A similar movement towards a more liberal attitude towards locus standi can be seen in the judgment of the Nigerian Supreme Court, in Chief Gani Fawehinmi v. Akilu and Togun in which the Court went beyond the narrow confines of Section 6(6)(b) of the 1979 Constitution by finding that:

(1)    The law of Nigeria has given every person a right to prevent the commission if a criminal offence, and where an offence is committed to lay a criminal charge against anyone who he sees committing the offence or who he reasonable suspects as having committed the offence in order to uproot crime from Nigerian society.

(2)    The limits imposed by Section 6(6)(b) of the 1979 Constitution restricting the class of persons having locus standi in civil matters have been broadened by the Criminal Code, the Criminal Procedure Code and the other provisions of the Constitution.

As Eso J.S.C. stated:

“The issue of locus standi has always been held as one of the utmost importance, by this court for in effect, too, is one that delimits the jurisdiction of the court… The courts in this country, especially this court, being a court of last resort has duty to safeguard fundamental rights.”

The Supreme Court had clearly moved away from the extremely restrictive attitudes formerly adopted by the Nigerian Courts to locus standi. Such a trend towards a more liberal attitude, adopted both in Nigeria and in England, is the most appropriate for the issue of locus standi. The judgments represent a new philosophy i.e. that an individual has a role to play in public law.

An individual can vindicate the rights which he is entitled to have protected under public law, and the traditional concept of locus standi is losing acceptance. However in Adeyinka Abosede Badejo(Suing by her next friend Dr Babafemi Badejo) v. Minister of Education, [1996] 8 NWLR, pt. 464, p.15, the Supreme Court appears to have resurrected the strict and out dated view on locus standi.

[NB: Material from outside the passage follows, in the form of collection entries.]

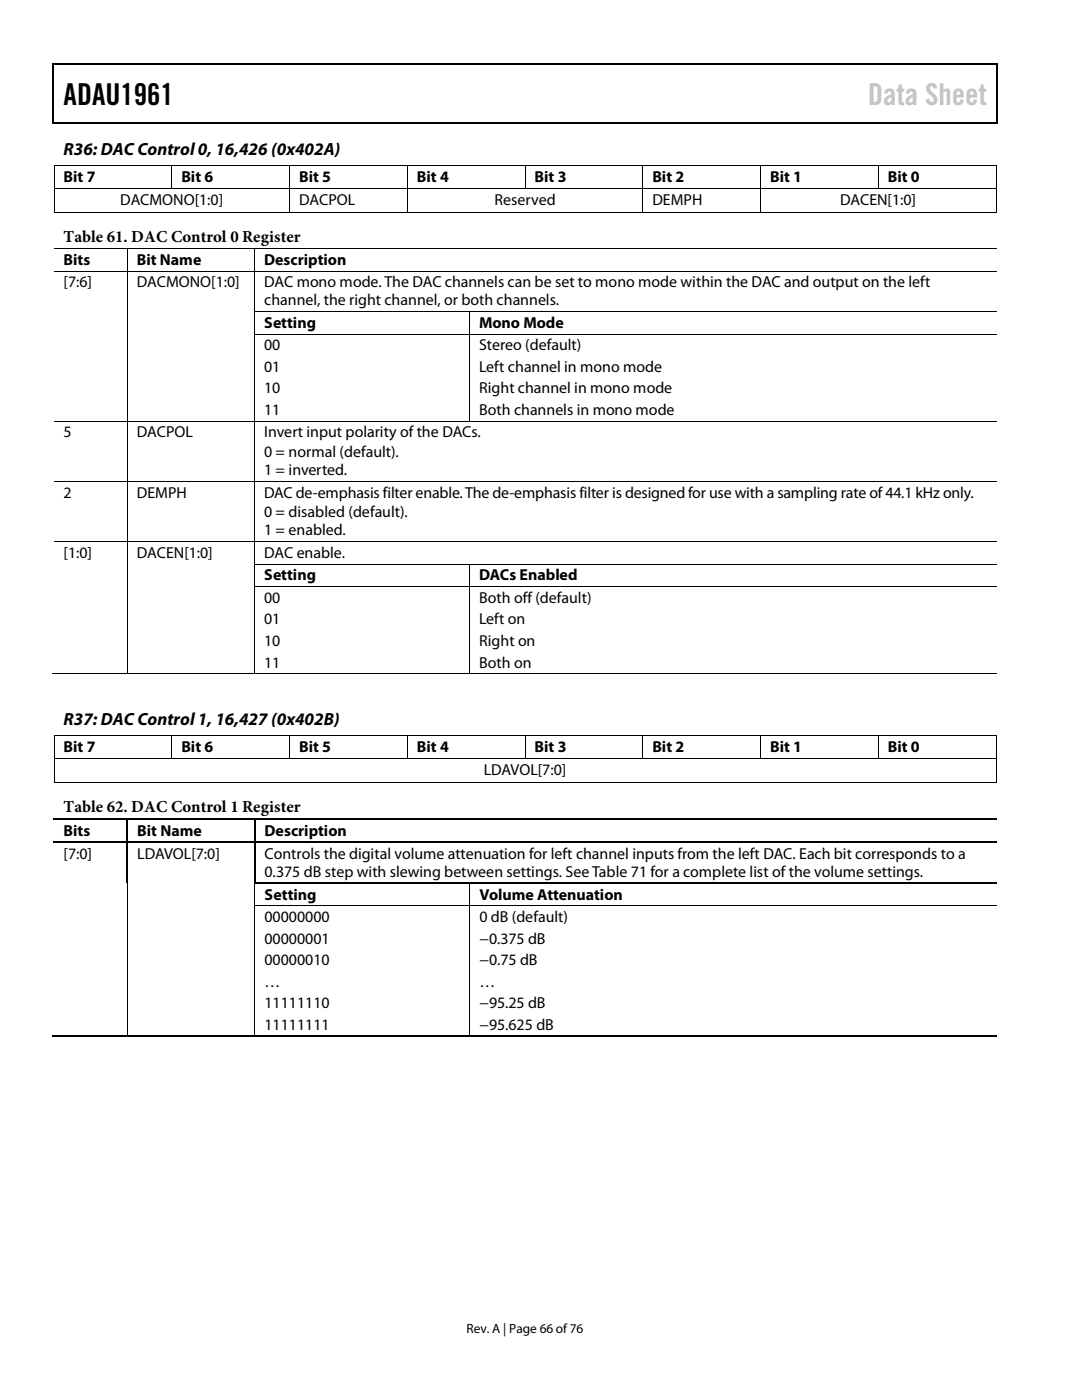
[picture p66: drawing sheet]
<svg xmlns="http://www.w3.org/2000/svg" width="216mm" height="279mm" viewBox="0 0 216 279" stroke-linecap="round" stroke-linejoin="round" font-family="sans-serif">
<defs><g id="words">
<text font-size="6" x="12.7" y="20.9">ADAU1961</text>
<text font-size="6" fill="#c1c1c1" x="173.2" y="20.9">Data Sheet</text>
<g font-size="3.5">
<text x="12.7" y="30.9">R36: DAC Control 0, 16,426 (0x402A)</text>
<text x="12.7" y="144.7">R37: DAC Control 1, 16,427 (0x402B)</text>
</g>
<g font-size="3.3">
<text x="12.7" y="48.3">Table 61. DAC Control 0 Register</text>
<text x="12.7" y="162.1">Table 62. DAC Control 1 Register</text>
</g>
<g font-size="3.2">
<text x="12.7" y="36.3">Bit 7</text>
<text x="24" y="41">DACMONO[1:0]</text>
<text x="36.2" y="36.3">Bit 6</text>
<text x="59.7" y="36.3">Bit 5</text>
<text x="59.7" y="40.9">DACPOL</text>
<text x="83.2" y="36.3">Bit 4</text>
<text x="98.7" y="41">Reserved</text>
<text x="106.7" y="36.3">Bit 3</text>
<text x="130.2" y="36.3">Bit 2</text>
<text x="130.2" y="40.9">DEMPH</text>
<text x="153.7" y="36.3">Bit 1</text>
<text x="167.6" y="41">DACEN[1:0]</text>
<text x="177.2" y="36.3">Bit 0</text>
<text x="12.7" y="52.9">Bits</text>
<text x="27.3" y="52.9">Bit Name</text>
<text x="52.7" y="52.9">Description</text>
<text x="12.7" y="57.4">[7:6]</text>
<text x="27.3" y="57.4">DACMONO[1:0]</text>
<text x="52.7" y="57.4">DAC mono mode. The DAC channels can be set to mono mode within the DAC and output on the left</text>
<text x="52.7" y="61">channel, the right channel, or both channels.</text>
<text x="52.7" y="65.4">Setting</text>
<text x="95.6" y="65.4">Mono Mode</text>
<text x="52.7" y="69.9">00</text>
<text x="95.6" y="69.9">Stereo (default)</text>
<text x="52.7" y="74.3">01</text>
<text x="95.6" y="74.3">Left channel in mono mode</text>
<text x="52.7" y="78.5">10</text>
<text x="52.7" y="82.8">11</text>
<text x="95.6" y="78.5">Right channel in mono mode</text>
<text x="95.6" y="82.8">Both channels in mono mode</text>
<text x="12.7" y="87.3">5</text>
<text x="27.3" y="87.3">DACPOL</text>
<text x="52.7" y="87.3">Invert input polarity of the DACs.</text>
<text x="52.7" y="91.2">0 = normal (default).</text>
<text x="52.7" y="94.9">1 = inverted.</text>
<text x="12.7" y="99.3">2</text>
<text x="27.3" y="99.3">DEMPH</text>
<text x="52.7" y="99.3">DAC de-emphasis filter enable. The de-emphasis filter is designed for use with a sampling rate of 44.1 kHz only.</text>
<text x="52.7" y="103.2">0 = disabled (default).</text>
<text x="52.7" y="106.9">1 = enabled.</text>
<text x="12.7" y="111.3">[1:0]</text>
<text x="27.3" y="111.3">DACEN[1:0]</text>
<text x="52.7" y="111.3">DAC enable.</text>
<text x="52.7" y="115.8">Setting</text>
<text x="95.6" y="115.8">DACs Enabled</text>
<text x="52.7" y="120.3">00</text>
<text x="52.7" y="124.6">01</text>
<text x="95.6" y="120.3">Both off (default)</text>
<text x="95.6" y="124.6">Left on</text>
<text x="52.7" y="128.9">10</text>
<text x="95.6" y="128.9">Right on</text>
<text x="52.7" y="133.2">11</text>
<text x="95.6" y="133.2">Both on</text>
<text x="12.7" y="150.1">Bit 7</text>
<text x="36.2" y="150.1">Bit 6</text>
<text x="59.7" y="150.1">Bit 5</text>
<text x="83.2" y="150.1">Bit 4</text>
<text x="96.5" y="154.7">LDAVOL[7:0]</text>
<text x="106.7" y="150.1">Bit 3</text>
<text x="130.2" y="150.1">Bit 2</text>
<text x="153.7" y="150.1">Bit 1</text>
<text x="177.2" y="150.1">Bit 0</text>
<text x="12.7" y="166.8">Bits</text>
<text x="27.4" y="166.8">Bit Name</text>
<text x="52.8" y="166.8">Description</text>
<text x="12.7" y="171.4">[7:0]</text>
<text x="27.4" y="171.4">LDAVOL[7:0]</text>
<text x="52.8" y="171.4">Controls the digital volume attenuation for left channel inputs from the left DAC. Each bit corresponds to a</text>
<text x="52.8" y="175">0.375 dB step with slewing between settings. SeeTable 71 for a complete list of the volume settings.</text>
<text x="52.8" y="179.5">Setting</text>
<text x="95.7" y="179.5">Volume Attenuation</text>
<text x="52.8" y="184">00000000</text>
<text x="95.7" y="184">0 dB (default)</text>
<text x="52.8" y="188.3">00000001</text>
<text x="95.7" y="188.3">−0.375 dB</text>
<text x="52.8" y="192.6">00000010</text>
<text x="52.8" y="196.9">…</text>
<text x="95.7" y="192.6">−0.75 dB</text>
<text x="95.7" y="196.9">…</text>
<text x="52.8" y="201.2">11111110</text>
<text x="95.7" y="201.2">−95.25 dB</text>
<text x="52.8" y="205.5">11111111</text>
<text x="95.7" y="205.5">−95.625 dB</text>
</g>
<text font-size="2.7" x="93.1" y="266">Rev. A | Page 66 of76</text>
</g></defs>
<g fill="#000">
<path d="M10.5 12.7h.3v1h-.3zM10.5 12.7h.3v.3h-.3zM133.3 12.7h.3v.3h-.3zM198.8 12.7h.2v1h-.2zM198.8 12.7h.2v.3h-.2zM10.5 24.4h.3v.2h-.3zM10.7 32.9h.2v.2h-.2zM10.7 37.6h.2v.2h-.2zM34.2 32.9h.2v.2h-.2zM34.2 37.6h.2v.2h-.2zM57.7 32.9h.2v.2h-.2zM57.7 37.6h.2v.2h-.2z"/>
<path d="M81.2 32.9h.2v.2h-.2zM81.2 37.6h.2v.2h-.2zM104.7 32.9h.2v.2h-.2zM104.7 37.6h.2v.2h-.2zM128.2 32.9h.2v.2h-.2zM128.2 37.6h.2v.2h-.2zM133.1 24.4h.2v.2h-.2zM151.7 32.9h.2v.2h-.2zM151.7 37.6h.2v.2h-.2zM175.2 32.9h.1v.2h-.1zM175.2 37.6h.1v.2h-.1zM198.7 32.9h.1v.2h-.1z"/>
<path d="M198.7 37.6h.1v.2h-.1zM198.8 24.4h.2v.2h-.2zM10.7 42.2h.2v.2h-.2zM25.3 49.5h.2v.2h-.2zM25.3 54.1h.2v.1h-.2zM50.7 49.5h.2v.2h-.2zM50.7 54.1h.2v.1h-.2zM57.7 42.2h.2v.2h-.2zM81.2 42.2h.2v.2h-.2zM128.2 42.2h.2v.2h-.2zM151.7 42.2h.2v.2h-.2zM198.7 42.2h.1v.2h-.1z"/>
<path d="M25.3 62.1h.2v.2h-.2zM25.3 66.6h.2v.2h-.2zM50.7 62.1h.2v.2h-.2zM50.7 66.6h.2v.2h-.2zM93.6 62.1h.2v.2h-.2zM93.6 66.6h.2v.2h-.2zM25.3 84h.2v.2h-.2zM25.3 96h.2v.2h-.2zM50.7 84h.2v.2h-.2zM50.7 96h.2v.2h-.2zM93.6 84h.2v.2h-.2zM25.3 108h.2v.2h-.2z"/>
<path d="M25.3 112.5h.2v.1h-.2zM25.3 117h.2v.2h-.2zM50.7 108h.2v.2h-.2zM50.7 112.5h.2v.1h-.2zM50.7 117h.2v.2h-.2zM93.6 112.5h.2v.1h-.2zM93.6 117h.2v.2h-.2zM25.3 134.4h.2v.1h-.2zM50.7 134.4h.2v.1h-.2zM93.6 134.4h.2v.1h-.2zM10.7 146.7h.2v.2h-.2zM10.7 151.4h.2v.2h-.2z"/>
<path d="M10.7 156h.2v.2h-.2zM34.2 146.7h.2v.2h-.2zM34.2 151.4h.2v.2h-.2zM57.7 146.7h.2v.2h-.2zM57.7 151.4h.2v.2h-.2zM81.2 146.7h.2v.2h-.2zM81.2 151.4h.2v.2h-.2zM104.7 146.7h.2v.2h-.2zM104.7 151.4h.2v.2h-.2zM128.2 146.7h.2v.2h-.2zM128.2 151.4h.2v.2h-.2zM151.7 146.7h.2v.2h-.2z"/>
<path d="M151.7 151.4h.2v.2h-.2zM175.2 146.7h.1v.2h-.1zM175.2 151.4h.1v.2h-.1zM198.7 146.7h.1v.2h-.1zM198.7 151.4h.1v.2h-.1zM198.7 156h.1v.2h-.1zM25.3 163.3h.2v.3h-.2zM25.3 167.9h.2v.3h-.2zM25.3 176.1h.2v.3h-.2zM50.7 163.3h.2v.3h-.2zM50.7 167.9h.2v.3h-.2zM50.7 176.1h.2v.3h-.2z"/>
<path d="M50.9 176.1h.3v.3h-.3zM93.6 176.1h.3v.3h-.3zM25.3 180.7h.2v.2h-.2zM50.7 180.7h.2v.2h-.2zM93.6 180.7h.2v.2h-.2zM25.3 206.7h.3v.2h-.3zM50.7 206.7h.3v.2h-.3zM93.6 206.7h.3v.2h-.3z"/>
</g>
<g fill="none" stroke="#000" stroke-width=".25">
<path d="M10.7 13.7v10.7M10.8 12.8h122.5M133.6 12.8h65.2M198.9 13.7v10.7M10.8 24.5h188M10.7 163.4h14.6M10.7 168.1h14.6M25.4 163.6v4.3M25.4 168.2v7.9M25.5 163.4h25.2M25.5 168.1h25.2M50.8 163.6v4.3"/>
<path d="M50.8 168.2v7.9M50.9 163.4h148M50.9 168.1h148M51.2 176.2h42.4M93.9 176.2h105M10.4 206.8h14.9M25.6 206.8h25.1M51 206.8h42.6M93.9 206.8h105"/>
</g>
<g fill="none" stroke="#000" stroke-width=".2">
<path d="M10.8 33.1v4.5M10.8 37.8v4.4M10.9 33h23.3M10.9 37.7h23.3M34.3 33.1v4.5M34.4 33h23.3M34.4 37.7h23.3M57.8 33.1v4.5M57.8 37.8v4.4M57.9 33h23.3M57.9 37.7h23.3M81.3 33.1v4.5"/>
<path d="M81.3 37.8v4.4M81.4 33h23.3M81.4 37.7h23.3M104.8 33.1v4.5M104.9 33h23.3M104.9 37.7h23.3M128.3 33.1v4.5M128.3 37.8v4.4M128.4 33h23.3M128.4 37.7h23.3M151.8 33.1v4.5M151.8 37.8v4.4"/>
<path d="M151.8 33h23.4M151.8 37.7h23.4M175.3 33.1v4.5M175.3 33h23.4M175.3 37.7h23.4M198.8 33.1v4.5M198.8 37.8v4.4M10.8 49.6h14.5M10.8 54.1h14.5M10.9 42.3h46.8M25.4 49.7v4.4M25.4 54.2v7.9"/>
<path d="M25.5 49.6h25.2M25.5 54.1h25.2M50.8 49.7v4.4M50.8 54.2v7.9M50.9 49.6h147.9M50.9 54.1h147.9M57.9 42.3h23.3M81.4 42.3h46.8M128.4 42.3h23.3M151.8 42.3h46.9M25.4 62.3v4.3M25.4 66.8v17.2"/>
<path d="M50.8 62.3v4.3M50.8 66.8v17.2M50.9 62.2h42.7M50.9 66.7h42.7M93.7 62.3v4.3M93.7 66.8v17.2M93.8 62.2h105M93.8 66.7h105M10.8 84.1h14.5M10.8 96.1h14.5M25.4 84.2v11.8M25.4 96.2v11.8"/>
<path d="M25.5 84.1h25.2M25.5 96.1h25.2M50.8 84.2v11.8M50.8 96.2v11.8M50.9 84.1h42.7M50.9 96.1h147.9M93.8 84.1h105M10.8 108.1h14.5M25.4 108.2v4.3M25.4 112.6v4.4M25.4 117.2v17.2M25.5 108.1h25.2"/>
<path d="M50.8 108.2v4.3M50.8 112.6v4.4M50.8 117.2v17.2M50.9 108.1h147.9M50.9 112.6h42.7M50.9 117.1h42.7M93.7 112.6v4.4M93.7 117.2v17.2M93.8 112.6h105M93.8 117.1h105M10.5 134.5h14.8M25.5 134.5h25.2"/>
<path d="M50.9 134.5h42.7M93.8 134.5h105M10.8 146.9v4.5M10.8 151.6v4.4M10.9 146.8h23.3M10.9 151.5h23.3M10.9 156.1h187.8M34.3 146.9v4.5M34.4 146.8h23.3M34.4 151.5h23.3M57.8 146.9v4.5M57.9 146.8h23.3"/>
<path d="M57.9 151.5h23.3M81.3 146.9v4.5M81.4 146.8h23.3M81.4 151.5h23.3M104.8 146.9v4.5M104.9 146.8h23.3M104.9 151.5h23.3M128.3 146.9v4.5M128.4 146.8h23.3M128.4 151.5h23.3M151.8 146.9v4.5M151.8 146.8h23.4"/>
<path d="M151.8 151.5h23.4M175.3 146.9v4.5M175.3 146.8h23.4M175.3 151.5h23.4M198.8 146.9v4.5M198.8 151.6v4.4M25.4 176.4v4.3M50.8 176.4v4.3M93.7 176.4v4.3M25.4 180.9v25.8M50.8 180.9v25.8M50.9 180.8h42.7"/>
<path d="M93.7 180.9v25.8M93.8 180.8h105.1"/>
</g>
<use href="#words"/>
</svg>

The appellant in this case sat for the National Common Entrance Examination and scored 293. She was not invited for interview because she scored below the cut off mark for Ogun State which is her

State of origin. The cut off was 296. Students with lower scores were invited for interview because there cut off marks were lower. She was aggrieved with this discriminatory policy and sued seeking to enforce her fundamental right under the Fundamental Rights (Enforcement Procedure) Rules 1979. The trial court dismissed the appellant’s claim on the basis that she lacked locus standi.

On appeal to the Court of Appeal, it was held that the appellant had locus standi as her interest was affected. On a further appeal by the respondent to the Supreme Court, the court held that the appellant did not have the legal standing to institute the action. Kutigi JSC who read the lead judgment held that the appellant lacked legal standing. He stated that the fundamental right of the appellant should not stand above the country, state, or the people. With respect to his Lordship, the issue of legal standing is not dependent on the question of superiority of rights.

It is not a question of whether the right of the appellant should prevail over that of the country, state or people. It is a question of whether the fundamental rights of the appellant had been infringed.

Every individual should have standing subject to the discretion of the courts. The liberal view expressed in Chief Gani Fawehinmi’s case is a better view. We believe that if this liberal view is adopted we are now nearer to the achievement of action popularis (citizen action).